Iran-backed armed groups have exchanged fire with US-led coalition forces in eastern Syria, a war monitor said on Monday, after deadly US air strikes on the groups in Iraq and Syria the previous night.

Coalition spokesman Colonel Wayne Marotto said US troops were attacked by multiple rockets and suffered no casualties. He said US forces “conducted counter-battery artillery fire at rocket launching positions”.

The Syrian Observatory for Human Rights said Iran-backed armed groups fired several shells at a US base in eastern Syria’s Al-Omar oil field, causing damage but no casualties. Al Jazeera could not independently verify that information.

Syrian state news agency SANA said “missiles … targeted a military base of the US occupation forces in the Al-Omar oil field”, without citing who was responsible.

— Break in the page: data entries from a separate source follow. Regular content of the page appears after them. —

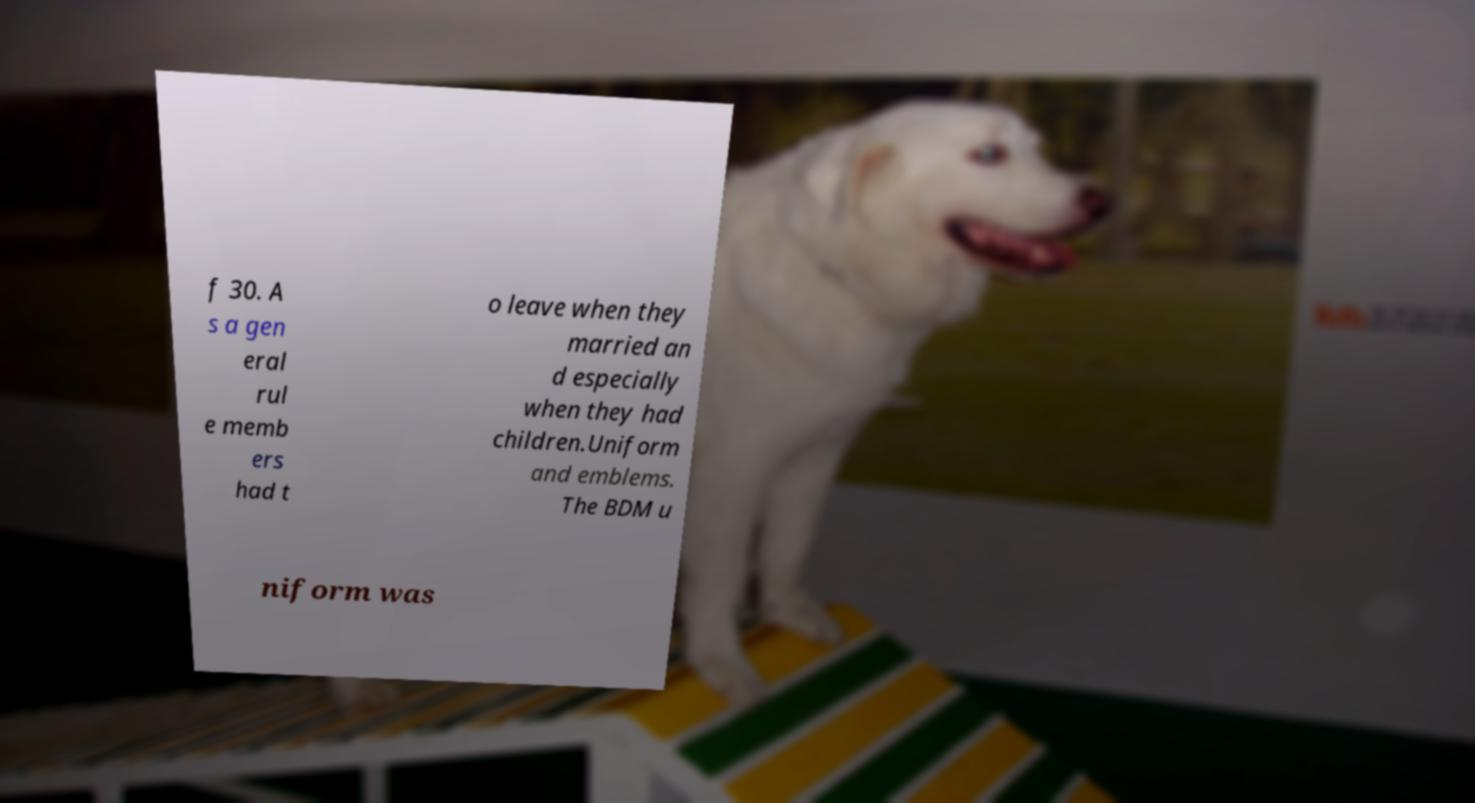Please read and relay the text visible in this image. What does it say? f 30. A s a gen eral rul e memb ers had t o leave when they married an d especially when they had children.Uniform and emblems. The BDM u niform was 
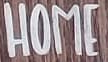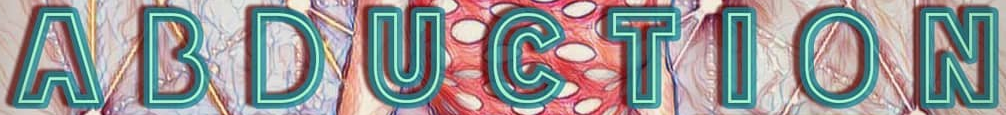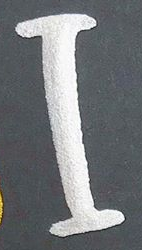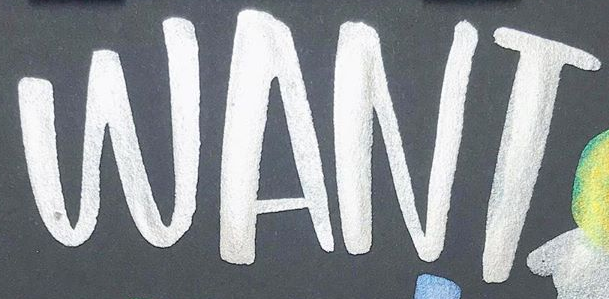Identify the words shown in these images in order, separated by a semicolon. HOME; ABDUCTION; I; WANT 
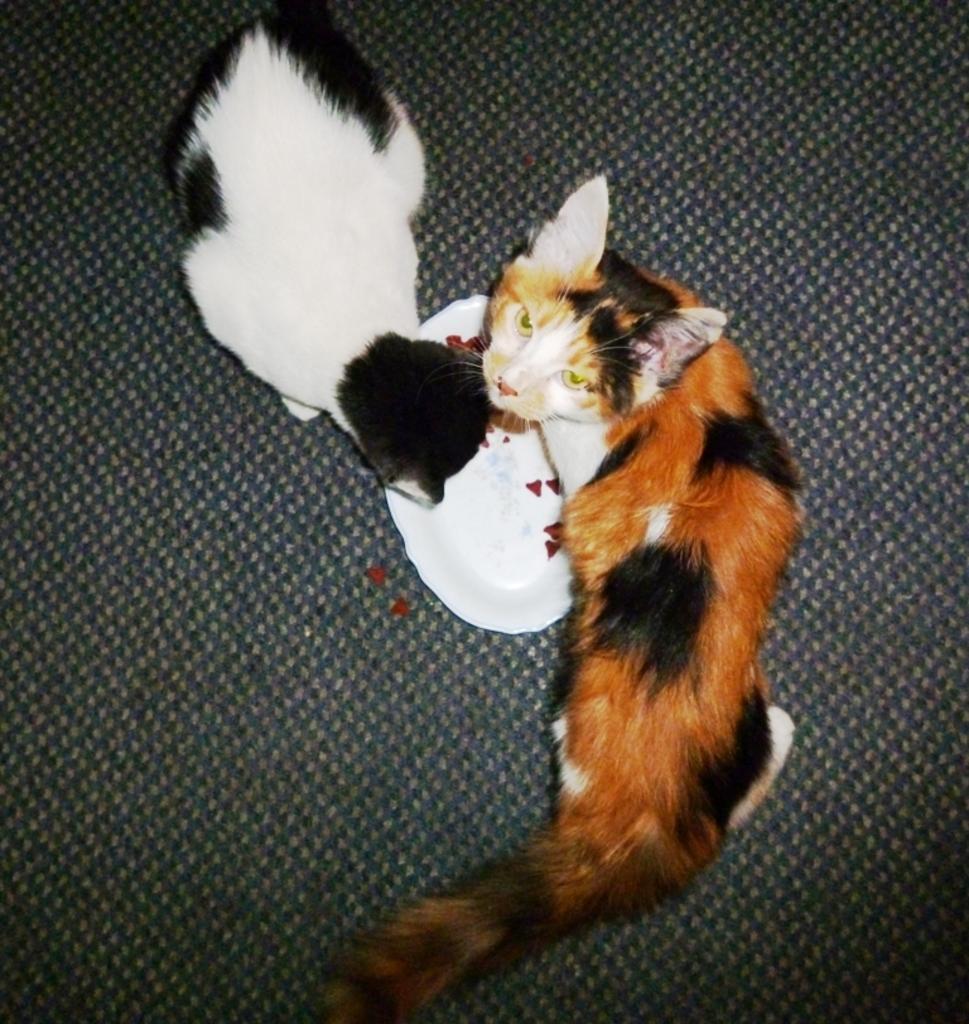Could you give a brief overview of what you see in this image? In this picture we can see two cats and a plate on the path. 
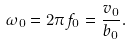<formula> <loc_0><loc_0><loc_500><loc_500>\omega _ { 0 } = 2 \pi f _ { 0 } = \frac { v _ { 0 } } { b _ { 0 } } .</formula> 
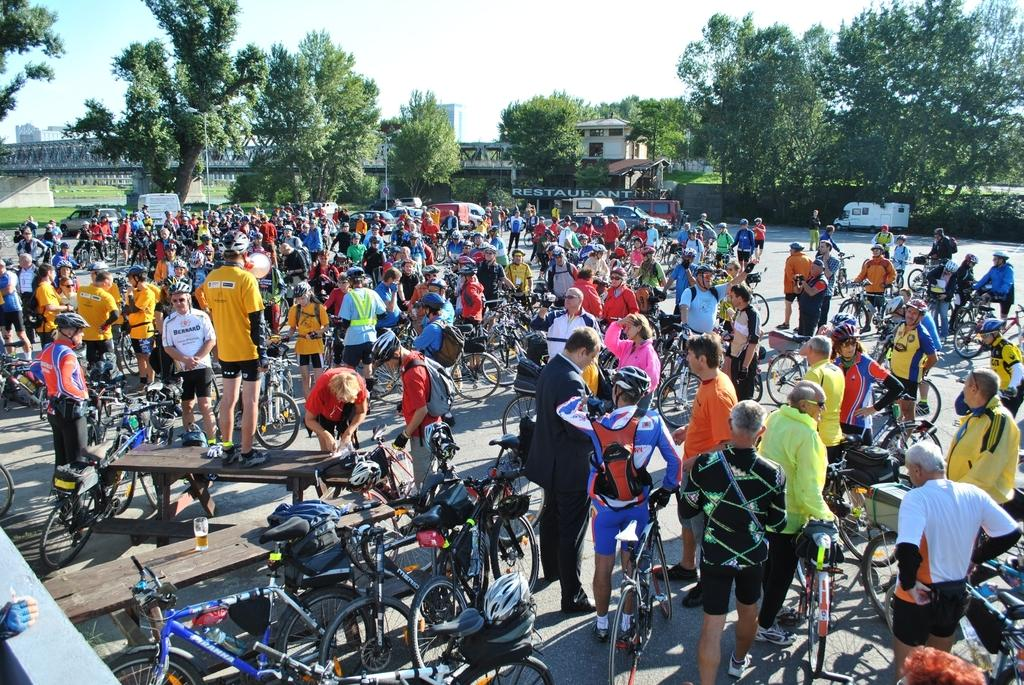How many people are in the group visible in the image? There is a group of people in the image, but the exact number cannot be determined from the provided facts. What are the people in the image doing? The provided facts do not specify what the people in the image are doing. What can be seen in the image besides the group of people? There are bicycles visible in the image. What is visible in the background of the image? In the background of the image, there are vehicles, trees, poles, buildings, and a bridge. What type of plant is growing on the bridge in the image? There is no plant growing on the bridge in the image; the bridge is visible in the background, but no plants are mentioned in the provided facts. How many cherries are on the trees in the image? There is no mention of cherries in the provided facts, so it cannot be determined how many cherries might be on the trees in the image. 
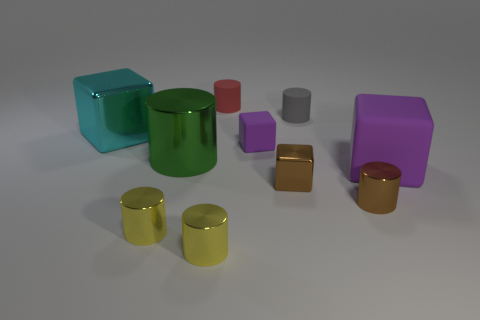The gray cylinder is what size?
Provide a short and direct response. Small. What shape is the tiny purple thing that is made of the same material as the large purple block?
Provide a short and direct response. Cube. Does the big object that is right of the red rubber cylinder have the same shape as the small red thing?
Offer a very short reply. No. How many objects are either yellow metallic things or small gray objects?
Your response must be concise. 3. The tiny cylinder that is both on the left side of the tiny brown shiny cylinder and right of the brown cube is made of what material?
Offer a terse response. Rubber. Is the size of the cyan metal cube the same as the brown metallic block?
Give a very brief answer. No. What size is the cube to the left of the cylinder to the left of the large green shiny cylinder?
Ensure brevity in your answer.  Large. How many small objects are both behind the tiny gray cylinder and in front of the big cyan metal cube?
Provide a succinct answer. 0. There is a shiny block to the right of the large cyan cube in front of the tiny gray matte cylinder; is there a large cyan cube that is in front of it?
Ensure brevity in your answer.  No. What shape is the purple rubber thing that is the same size as the cyan object?
Your answer should be compact. Cube. 
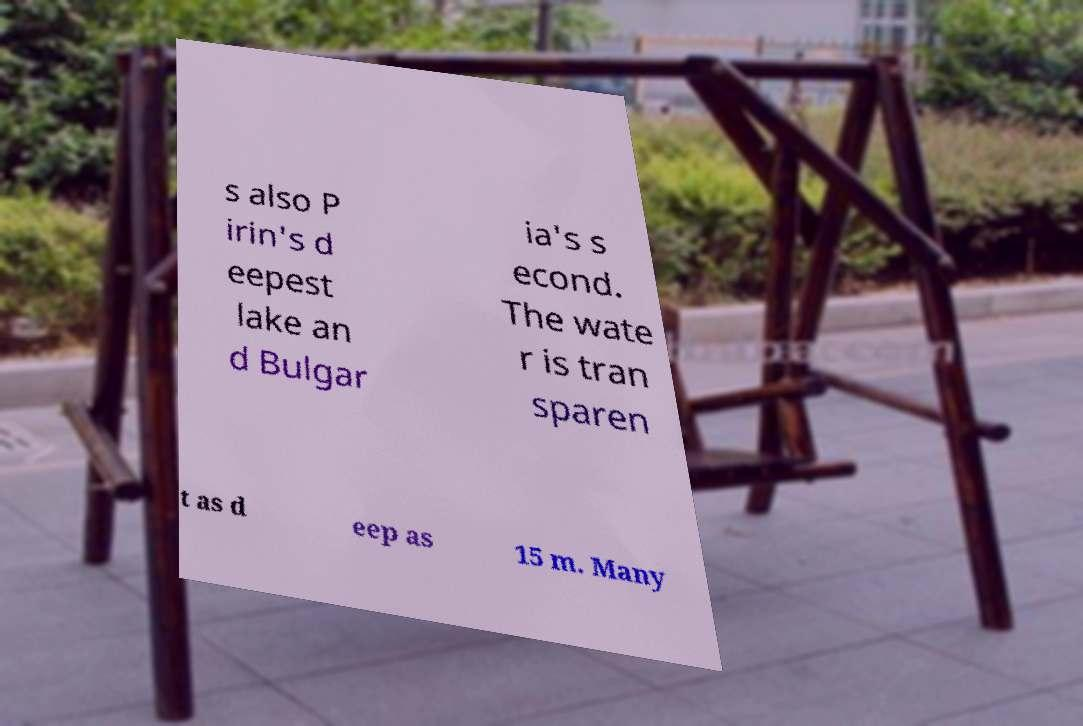Could you extract and type out the text from this image? s also P irin's d eepest lake an d Bulgar ia's s econd. The wate r is tran sparen t as d eep as 15 m. Many 
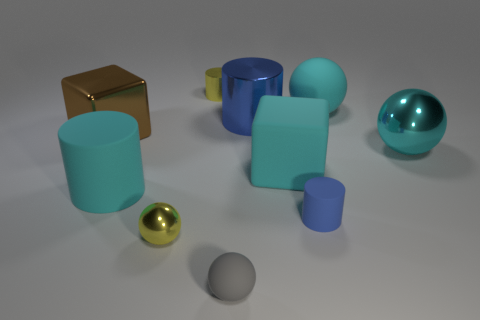What materials are the objects in the image made from? The objects in the image appear to have surfaces that mimic different materials. The spheres and the cube have reflective finishes suggestive of metallic or polished surfaces, while the cylinders look like they have matte finishes, possibly simulating plastic or painted surfaces. 
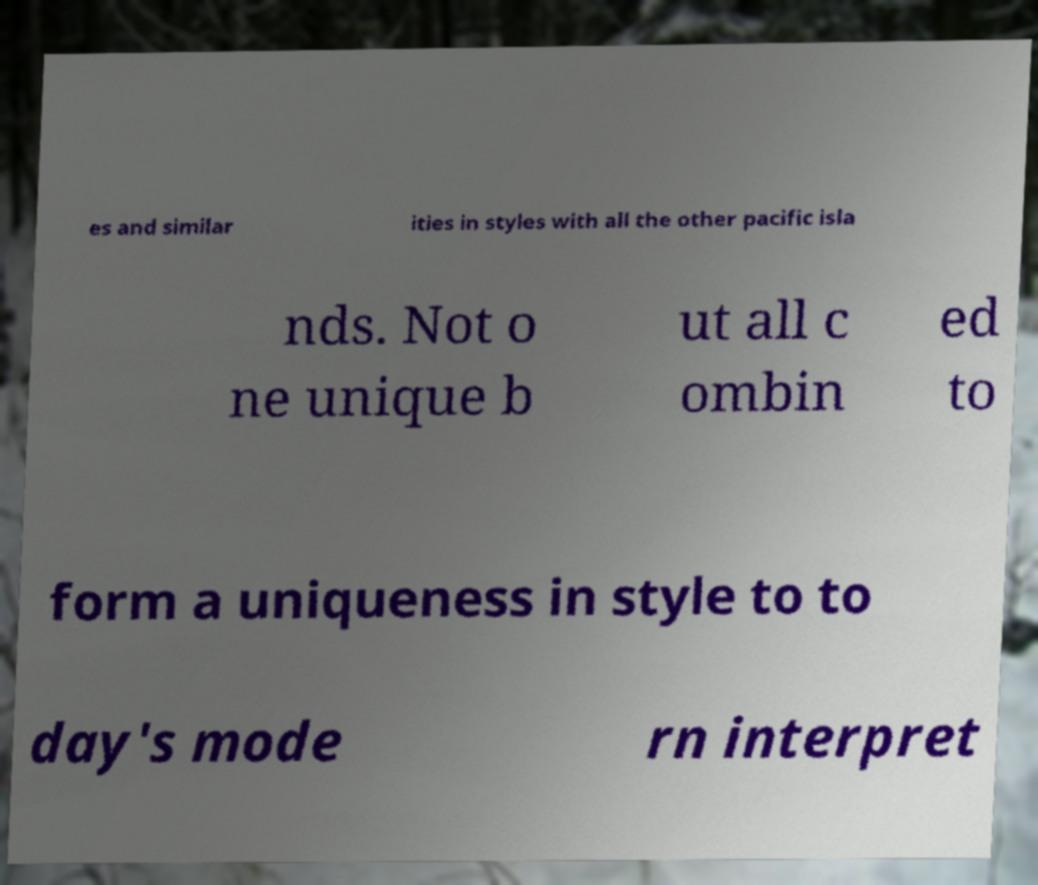Please identify and transcribe the text found in this image. es and similar ities in styles with all the other pacific isla nds. Not o ne unique b ut all c ombin ed to form a uniqueness in style to to day's mode rn interpret 
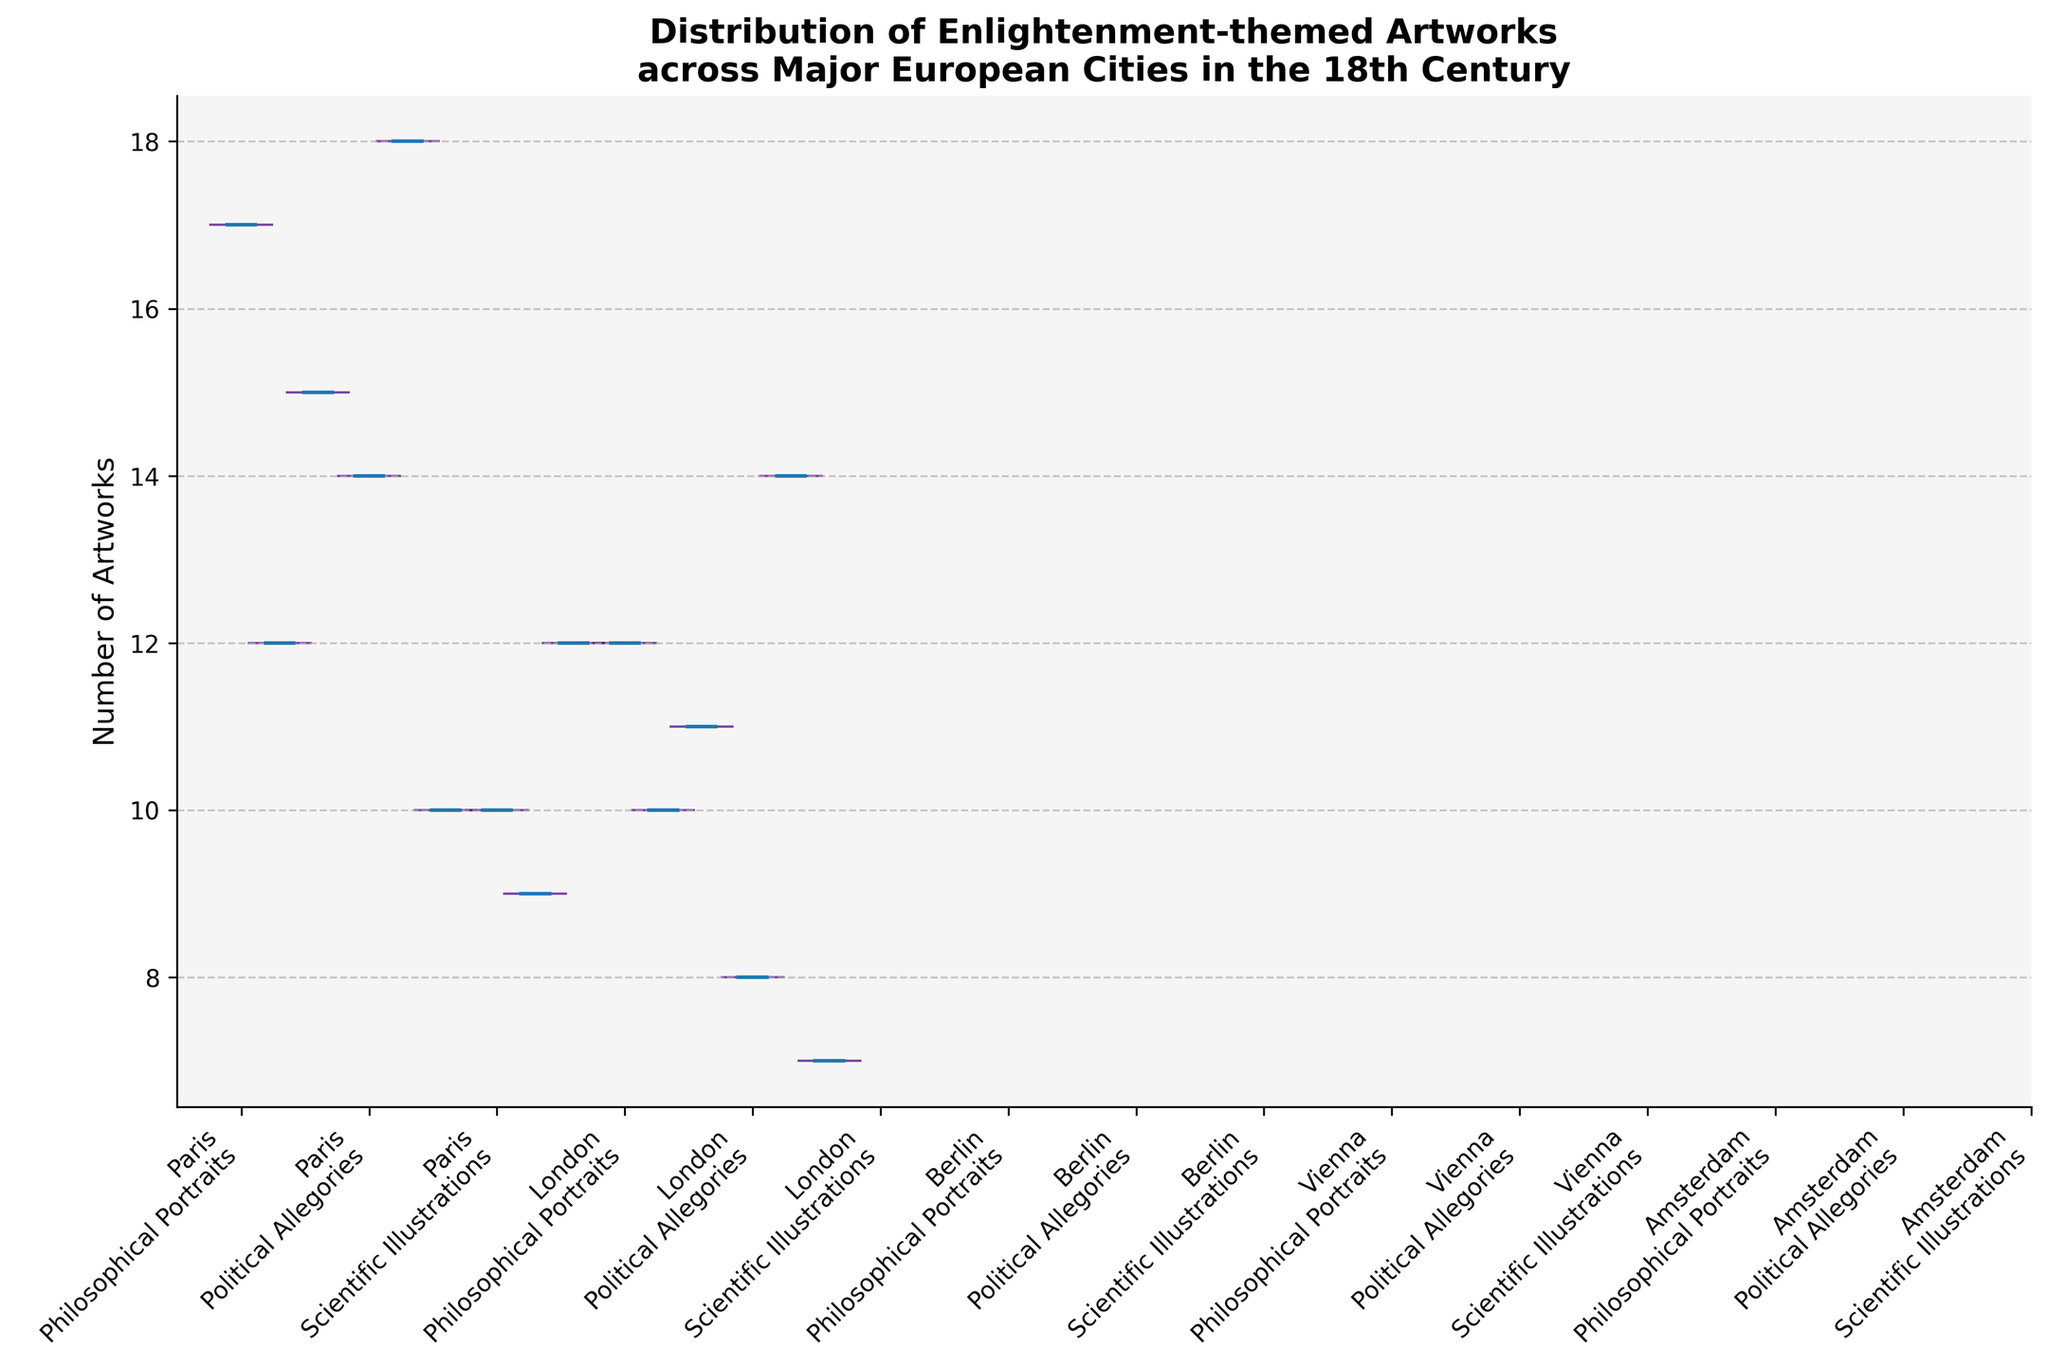what is the title of the figure? The title is large text located at the top of the figure that describes what the chart is about.
Answer: Distribution of Enlightenment-themed Artworks across Major European Cities in the 18th Century what city has the highest median number of artworks for Political Allegories? To find this, look at the different city-artwork combinations and find which box has the highest median line in the Political Allegories category.
Answer: London which city has the smallest range in the number of Philosophical Portraits? Look at the length of the violins for Philosophical Portraits in each city to determine which has the smallest range.
Answer: Amsterdam compare the range of Scientific Illustrations between Berlin and Vienna. Which city shows a wider range? Observe the length of the violins for Scientific Illustrations in both Berlin and Vienna, and see which one stretches out further.
Answer: Berlin which artwork type in Paris has the highest range of number of artworks? Check the violins for Paris and see which one among Philosophical Portraits, Political Allegories, and Scientific Illustrations is the longest, indicating the highest range.
Answer: Philosophical Portraits does London have more artworks in the Political Allegories category compared to Berlin? Look at the violin chart for Political Allegories for both London and Berlin and compare their ranges and median values.
Answer: Yes what is the general trend for the number of artworks across the various cities for Scientific Illustrations? Look at the violins for Scientific Illustrations across all the cities and summarize the pattern you see.
Answer: Relatively consistent with no extreme outliers how does the median number of Philosophical Portraits in Paris compare to Vienna? Look at the median line of the Philosophical Portraits violins for both cities and compare their positions.
Answer: Paris has a higher median which city has the overall highest median number of artworks across all categories? To determine this, consider the median lines across all artwork types for each city, and sum up or visually identify the city with consistently higher medians.
Answer: Paris

Iran-backed armed groups had earlier promised to retaliate after the US launched several air raids on the groups in Iraq and Syria on Sunday.

Syria decries ‘violation’

The US military said the air strikes on Sunday targeted operational and weapons storage facilities at two locations in Syria and one location in Iraq in response to drone attacks against US personnel and facilities in Iraq.

On Monday, the US defended the strikes on the armed groups, saying the attacks were designed to limit the risk of escalation.

Iraq’s government, wary of getting dragged into a US-Iran conflict, condemned the raids on its territory and said it would “study all legal options” to prevent such action being repeated.

Syria called the attacks a “flagrant violation of the sanctity of Syrian and Iraqi lands”, Syrian state media said, citing a foreign ministry statement.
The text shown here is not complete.